(Beginning of GIVEN DATA)

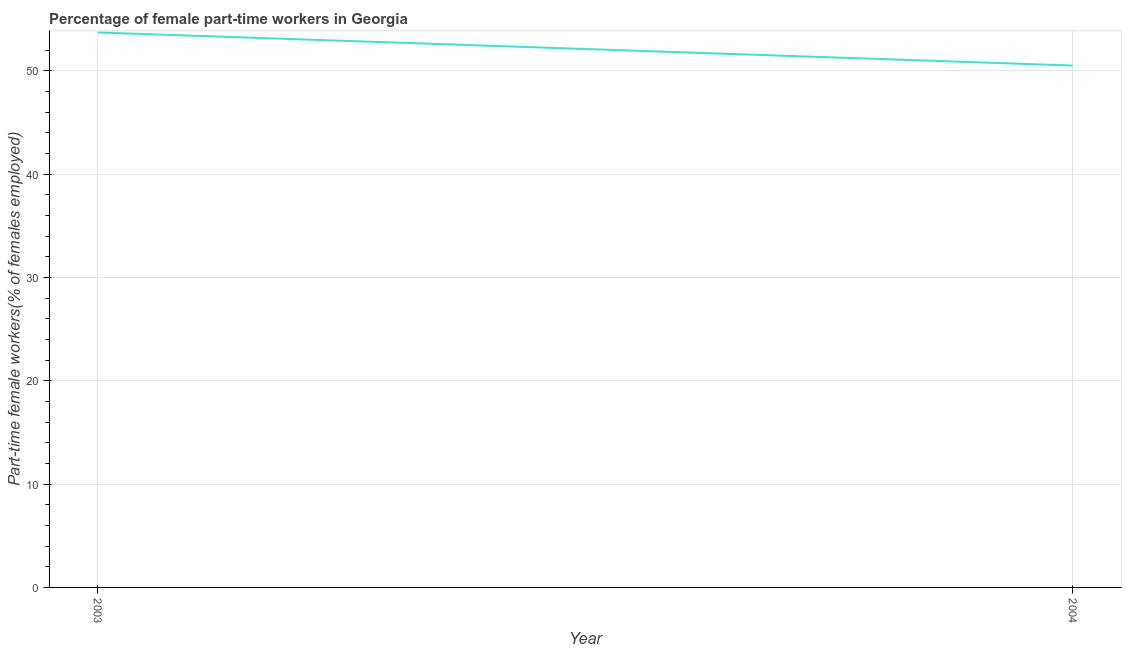What is the percentage of part-time female workers in 2003?
Provide a succinct answer. 53.7. Across all years, what is the maximum percentage of part-time female workers?
Your answer should be compact. 53.7. Across all years, what is the minimum percentage of part-time female workers?
Make the answer very short. 50.5. In which year was the percentage of part-time female workers maximum?
Your response must be concise. 2003. What is the sum of the percentage of part-time female workers?
Provide a short and direct response. 104.2. What is the difference between the percentage of part-time female workers in 2003 and 2004?
Keep it short and to the point. 3.2. What is the average percentage of part-time female workers per year?
Offer a terse response. 52.1. What is the median percentage of part-time female workers?
Your answer should be compact. 52.1. In how many years, is the percentage of part-time female workers greater than 40 %?
Your answer should be compact. 2. Do a majority of the years between 2004 and 2003 (inclusive) have percentage of part-time female workers greater than 32 %?
Provide a succinct answer. No. What is the ratio of the percentage of part-time female workers in 2003 to that in 2004?
Provide a short and direct response. 1.06. Is the percentage of part-time female workers in 2003 less than that in 2004?
Your response must be concise. No. Does the percentage of part-time female workers monotonically increase over the years?
Provide a succinct answer. No. What is the difference between two consecutive major ticks on the Y-axis?
Give a very brief answer. 10. Are the values on the major ticks of Y-axis written in scientific E-notation?
Ensure brevity in your answer.  No. Does the graph contain any zero values?
Make the answer very short. No. Does the graph contain grids?
Your response must be concise. Yes. What is the title of the graph?
Your answer should be very brief. Percentage of female part-time workers in Georgia. What is the label or title of the Y-axis?
Offer a very short reply. Part-time female workers(% of females employed). What is the Part-time female workers(% of females employed) in 2003?
Ensure brevity in your answer.  53.7. What is the Part-time female workers(% of females employed) in 2004?
Offer a very short reply. 50.5. What is the difference between the Part-time female workers(% of females employed) in 2003 and 2004?
Give a very brief answer. 3.2. What is the ratio of the Part-time female workers(% of females employed) in 2003 to that in 2004?
Your response must be concise. 1.06. 
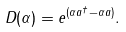Convert formula to latex. <formula><loc_0><loc_0><loc_500><loc_500>D ( \alpha ) = e ^ { ( \alpha a ^ { \dag } - \alpha a ) } .</formula> 
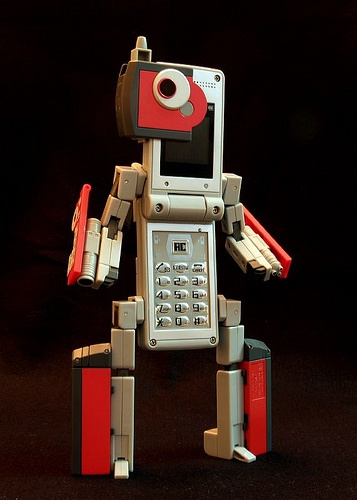Describe the objects in this image and their specific colors. I can see a cell phone in black, ivory, darkgray, and gray tones in this image. 
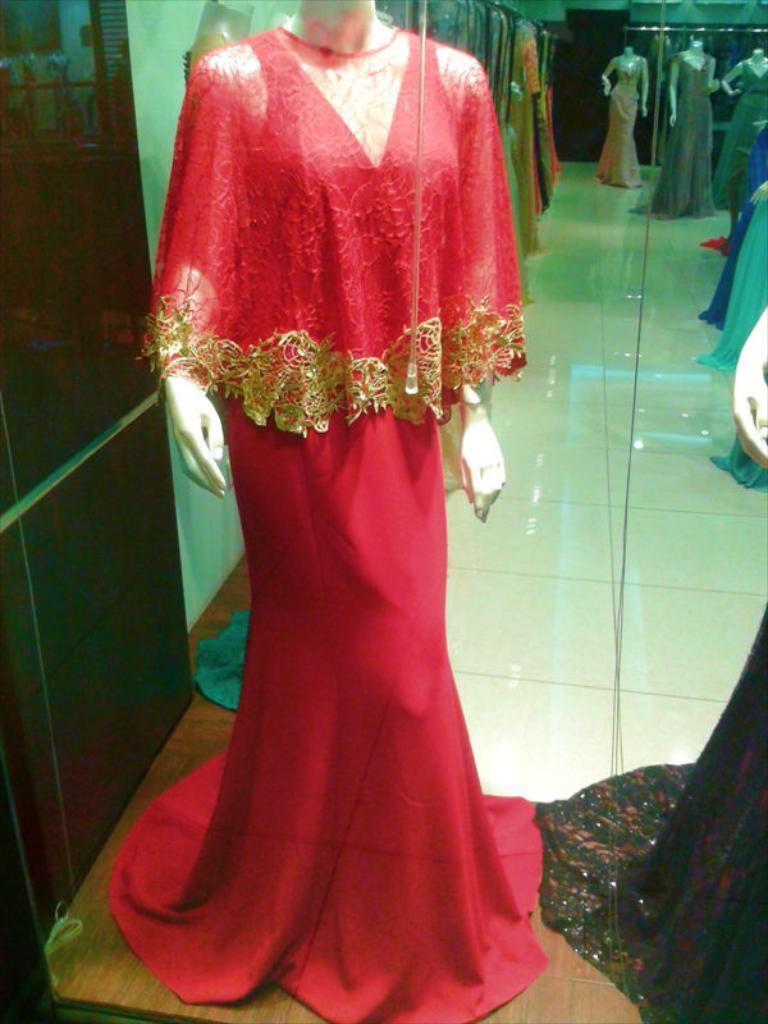Describe this image in one or two sentences. In the given image i can see a mannequins and floor. 
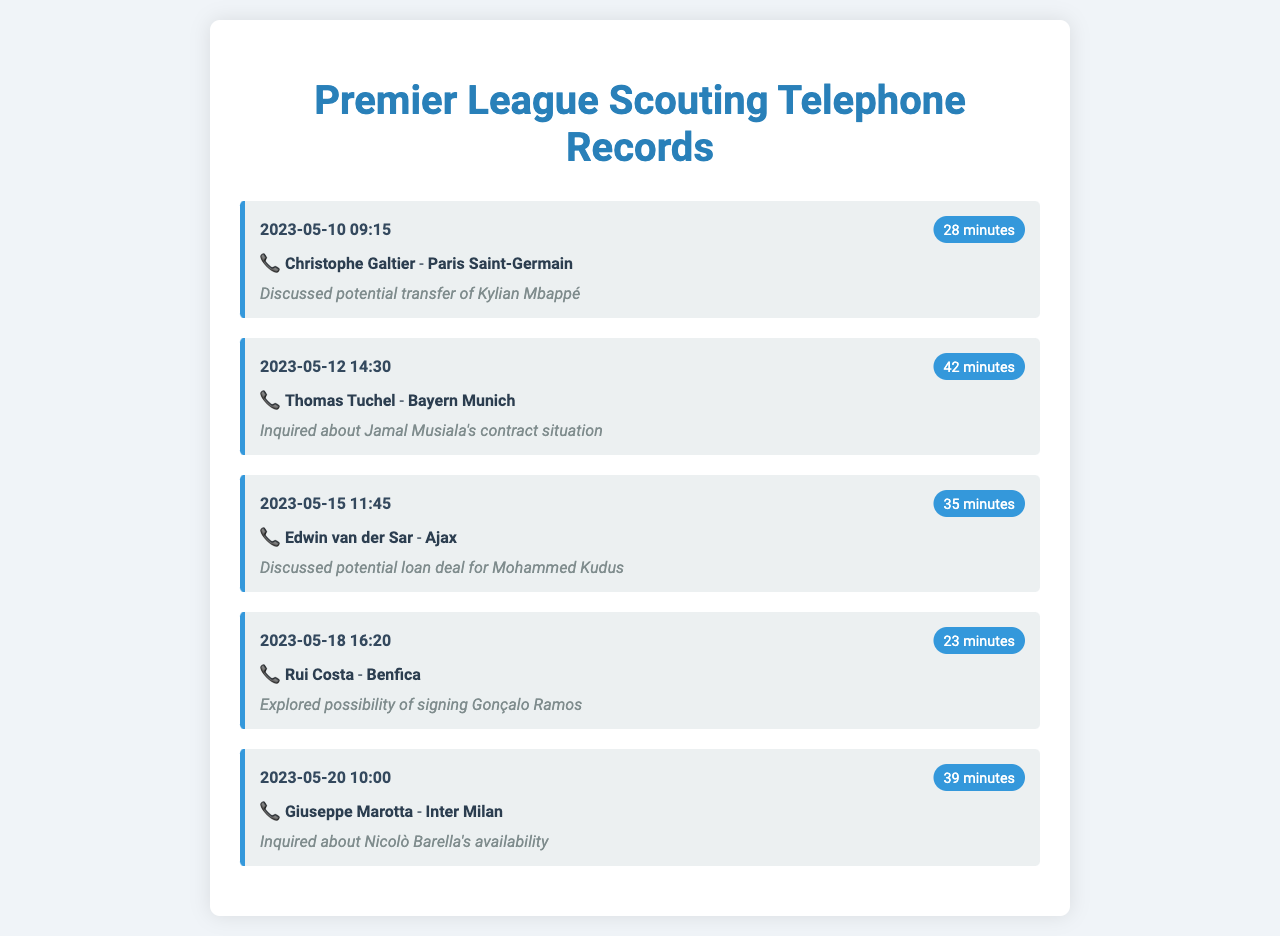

(End of GIVEN DATA)

» REQUIRED WORK
Wherever the word "Across" turns up in the material, copy the whole line.

» OUTPUT FOR THIS EXERCISE
Provide a succinct answer. 53.7. Across all years, what is the maximum percentage of part-time female workers?
Your answer should be compact. 53.7. Across all years, what is the minimum percentage of part-time female workers?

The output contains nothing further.